Does the beginning hook you in? How's the flow, given the short length? Any other general comments would be great.

I'm going to try to answer everything here and hopefully add in a little bit more.

Let's get started!

Light, spilling in through our window like warm milk that comforts children at night. It weighs down my eyelids and seeps into my skin, filling me up like a sunburst. The feeling makes me want to explode, a bouquet of flowers erupting forth into life and love right next to him.

Does the beginning hook me in? Yes. I love the description right here. How itís kind of very abstract and I love the emotion. When I get to sunburst and 'explode' a smile appeared on my face. I could feel the love and that's all I ever want to feel when I read Hannah/Neville. The imagery...the light, the warm milk, the sunburst, the flowers. Everything just fits together and flows wonderfuly. Every just exudes love and comfort. I feel so warm and fuzzy inside.

He is unexpectedly normal, and his grandmother always says that I will make the prettiest bride.

^ Okay. So I appreciate the fact that you mentioned his grandmother because a lot of people forget about poor Augusta. She was a big part of his life, she raised him and people seem to throw her away like nothing. I thank you for that.

He drank the substandard coffee at the Leaky Cauldron for a year before asking me out on a proper date, and then, six months after that, he moved into my tiny flat. He is still stealing my heart day by day with his stories about the Hogwarts Founders, which he reads in Hogwarts: A History on his breaks from teaching, and the ever-blooming flowers in our home.

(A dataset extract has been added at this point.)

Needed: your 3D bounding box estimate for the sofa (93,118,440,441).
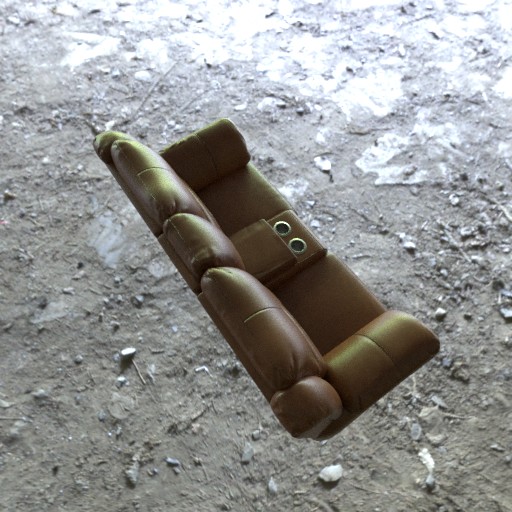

I'm back tracking a little here because I just wanted to comment on the backstory you give them. It's very simple and fits well with the entire one-shot. I like that it's not dramatic and not over done. I read and write a lot of arm waving and declaration of love shouting that when I read this everything just slides together smoothly. I think the little things in this story is what makes it the best. How they're just in bed. The mention of the flowers, the past and a future. It's all very simple and normal and that's who your characters are.

I'm the worse reviewer. I swear. I never give you any critiques. You're just so comfortable in your writing style and it shows. How can I critique that?

Thanks so much for requesting! If you have any questions/concerns feel free to PM me.

- Deeds/Alyssa

Author's Response: Hi Deeds! Sorry this response took ages!

Okay, confession time - I was pretty much dying to request a review from you as soon as I put this in the queue. I'm so glad you liked it!! :)

I'm happy that the warm metaphors and imagery worked for you - I meant for it to read just like I put it in there, like a flood of happiness and fluff. I wanted to capture that half-awake feeling I have when I get up, swaddled in covers and remnants of sleep.

Augusta should definitely not be thrown away. I imagine that she and Hannah would have quite an interesting relationship, really.

I wanted things to read as being under-dramaticized (is that a word?) and subtle and simple, and it seems like that's exactly what came across, so that's just lovely.

Hey, I love getting reviews with no critiques :) Seriously, though, you're super sweet. Thanks!